Mr Thompson - It is the Registrar's duty to publish the result.


Dr EVATT - That is so. He need not take a ballot. It would be in no sense an attempt to solve this great problem, but the Government of this country, supported by the Parliament in the emergency coal strike legislation, the trade union movement, and the Labour movement of Australia are engaged in tackling that question to-day. Whilst some of the observations made by the right honorable gentleman are perfectly true, the background of this legislation, which I have endeavoured to describe, may also include legislation that was passed in 1947, but which honorable members may have forgotten. The Communist party endeavoured to boycott the defence project at the Guided Weapons Range at Woomera.

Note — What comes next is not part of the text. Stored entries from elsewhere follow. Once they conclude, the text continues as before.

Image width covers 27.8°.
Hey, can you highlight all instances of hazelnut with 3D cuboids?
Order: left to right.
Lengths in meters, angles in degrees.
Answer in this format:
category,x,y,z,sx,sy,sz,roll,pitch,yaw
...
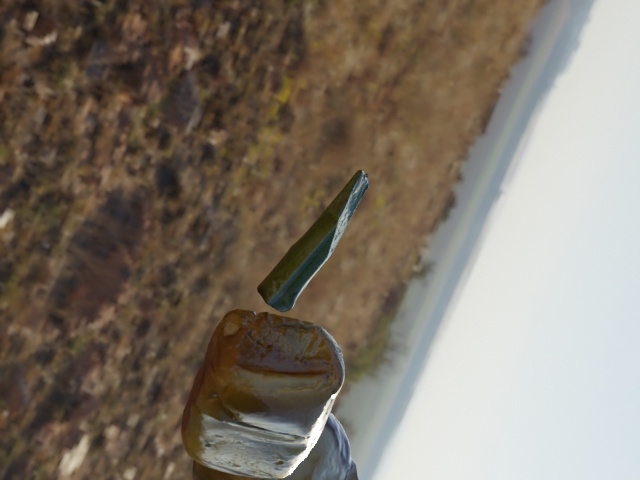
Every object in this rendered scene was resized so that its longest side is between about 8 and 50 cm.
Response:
category,x,y,z,sx,sy,sz,roll,pitch,yaw
hazelnut,-0.058,0.347,1.901,0.261,0.241,0.261,-25,-119,56

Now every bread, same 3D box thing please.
category,x,y,z,sx,sy,sz,roll,pitch,yaw
bread,-0.073,0.196,1.587,0.294,0.167,0.132,119,-14,-61

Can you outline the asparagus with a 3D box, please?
category,x,y,z,sx,sy,sz,roll,pitch,yaw
asparagus,0.000,0.000,1.408,0.178,0.041,0.045,-50,-161,0
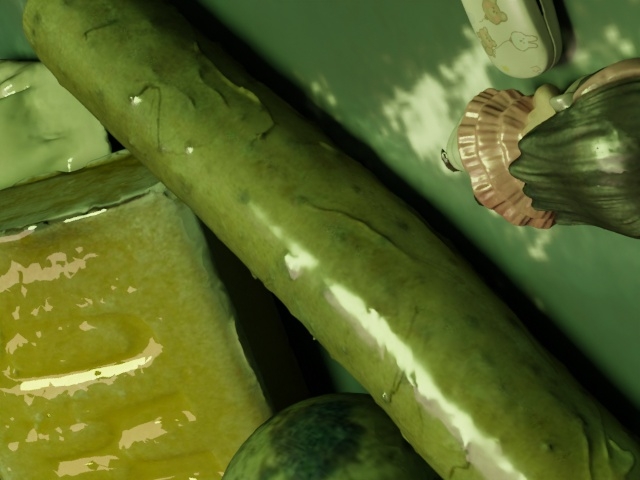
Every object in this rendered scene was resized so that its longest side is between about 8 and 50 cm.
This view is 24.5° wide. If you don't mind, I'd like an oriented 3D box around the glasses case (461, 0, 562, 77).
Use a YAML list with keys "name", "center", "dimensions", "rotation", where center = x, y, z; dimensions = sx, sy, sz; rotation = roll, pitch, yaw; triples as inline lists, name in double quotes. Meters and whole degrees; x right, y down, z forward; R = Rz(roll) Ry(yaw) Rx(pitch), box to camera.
- name: "glasses case"
  center: [0.062, -0.097, 0.523]
  dimensions: [0.032, 0.021, 0.083]
  rotation: [2, 120, 53]

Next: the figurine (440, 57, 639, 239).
- name: "figurine"
  center: [0.093, -0.025, 0.516]
  dimensions: [0.072, 0.054, 0.129]
  rotation: [49, 156, -18]

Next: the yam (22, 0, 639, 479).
- name: "yam"
  center: [0.000, 0.000, 0.656]
  dimensions: [0.371, 0.083, 0.083]
  rotation: [44, 149, 20]

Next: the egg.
- name: "egg"
  center: [0.020, 0.160, 0.718]
  dimensions: [0.141, 0.141, 0.182]
  rotation: [16, 127, 50]

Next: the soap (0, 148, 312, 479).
- name: "soap"
  center: [-0.097, 0.094, 0.809]
  dimensions: [0.173, 0.089, 0.274]
  rotation: [-15, 113, 16]

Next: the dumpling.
- name: "dumpling"
  center: [-0.189, -0.046, 0.878]
  dimensions: [0.188, 0.108, 0.127]
  rotation: [-6, 94, 47]
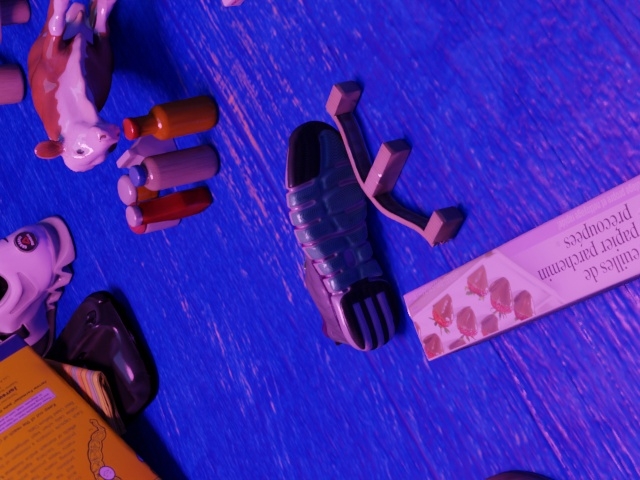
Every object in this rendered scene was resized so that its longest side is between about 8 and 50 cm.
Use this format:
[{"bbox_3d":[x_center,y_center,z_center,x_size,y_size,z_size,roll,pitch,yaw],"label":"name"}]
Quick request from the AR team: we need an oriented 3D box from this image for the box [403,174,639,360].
[{"bbox_3d":[0.181,0.021,0.967,0.324,0.067,0.063,-33,75,56],"label":"box"}]

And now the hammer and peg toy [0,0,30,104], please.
[{"bbox_3d":[-0.514,-0.377,1.767,0.266,0.127,0.361,36,131,43],"label":"hammer and peg toy"}]

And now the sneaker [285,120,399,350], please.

It engaged in that objective merely for political purposes, not to improve the industrial conditions of the workers. We passed legislation in this Parliament the effect of which was to put a complete and absolute stop to the boycott, and because of that legislation there has been no further attempted interference. Although the firm enforcement of the emergency coal strike legislation by the Arbitration Court held the fort at a time when everything seemed in danger in this country, we could not have carried the matter to a successful conclusion were it not for the fact that the overwhelming body of officials of the trade unions who had no connexion with communism, that is to say, 90 per cent, of the unions in Australia, and the Labour movement of Australia, gave their overwhelming support to the Government, as indeed did the Parliament, by passing the emergency legislation.